Gerd Isenberg wrote:
Important is that hashentry + 4*N is on a 64-byte aligned address (address & 0x3f == 0), so that 4 consecutive slots are not only 64 byte, but completely fit inside one 64-byte cacheline.
yes, I can guarantee this, acutally the hash entries are grouped inside a cluster that is 64 bytes aligned, I access the whole cluster, not the single entries.
Gerd Isenberg wrote:
Too many prefetches are counter productive, since they may pollute L1. They likely interact (as well with a hardware prefetcher).

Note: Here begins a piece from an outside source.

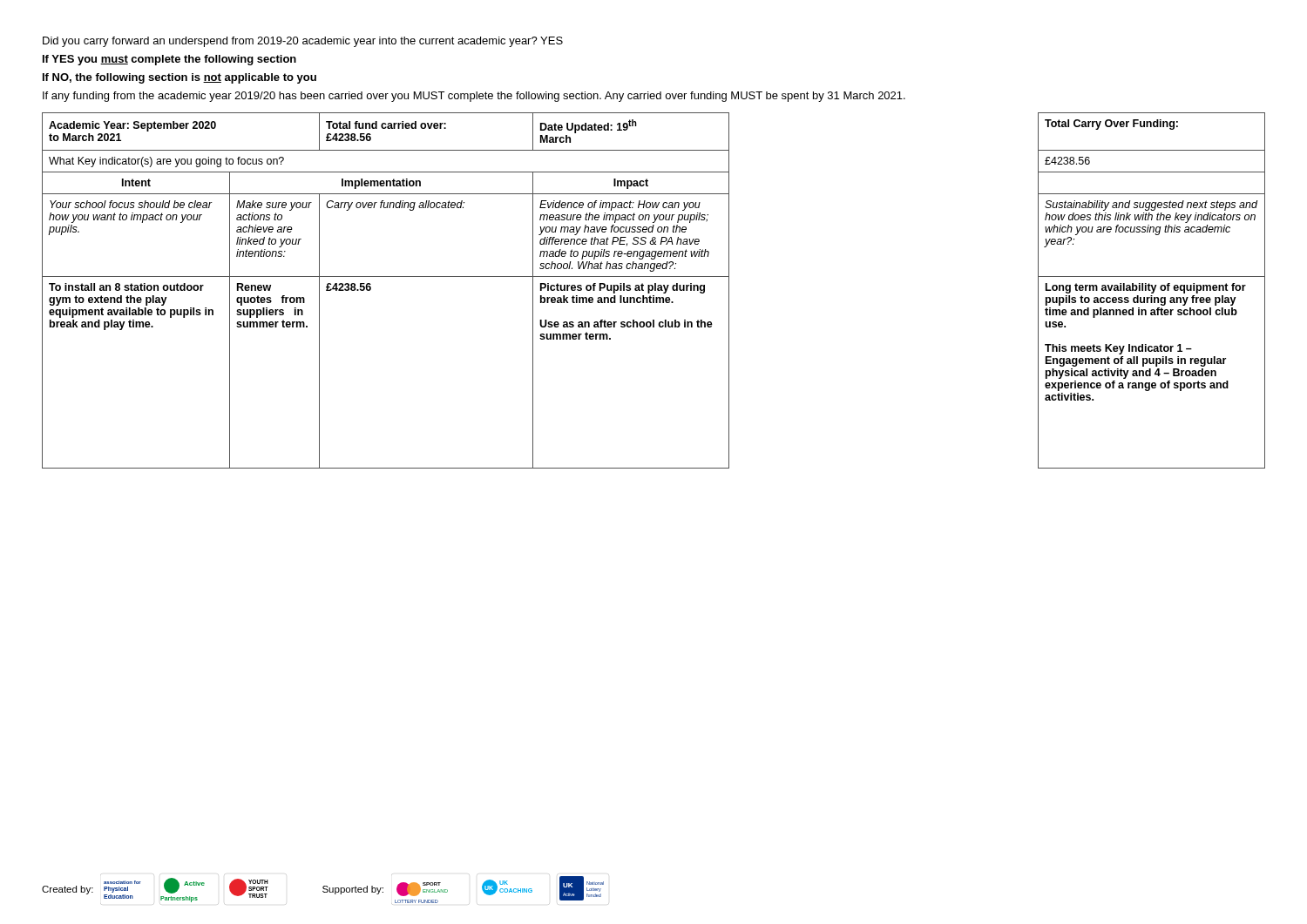Point to the text block starting "Did you carry forward"
The height and width of the screenshot is (924, 1307).
[303, 42]

I have tried with prefetcht1 instead of prefetcht0 so to leave the cache line in L2 but it was a bit slower. The hardware prefetcher, for what I have understood, works well with regular access patterns, but accessing hash table is almost a random process, so I would not think it could help a lot.
Gerd Isenberg wrote:
What do you do between prefetch and actually reading four 16 byte slots via four movdqa? Likely you use prefetch after updating the zobristkey by make move, but before updating other stuff and checking for repetitions.

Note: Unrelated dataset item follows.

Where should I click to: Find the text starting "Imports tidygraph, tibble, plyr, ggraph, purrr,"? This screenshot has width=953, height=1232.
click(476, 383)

Actually I do a lot of other stuff because I have tried to prefetch as early as possible, as you said, just after updating the key in do_move().
I have even shuffled the code inside do_move() so to update the key as early as possible, then prefetch, then move all the other stuff after the prefecth so to do how much as possible before to return.
I have tested to prefetch in different places and at the end it turn out that earlier was the prefetch the better.
I have no idea why two prefetches are better the one. But they are. I am sure the cluster of entries fits the 64 bytes (there is a compile error otherwise).
And I am sure to read only one cluster when probing the hash table.
It is like the processor when accessing some data in RAM tries to fetch also the next cache line of data apart from the requested one, even if I have not asked for it, so that prefetching also the next line it seems to help.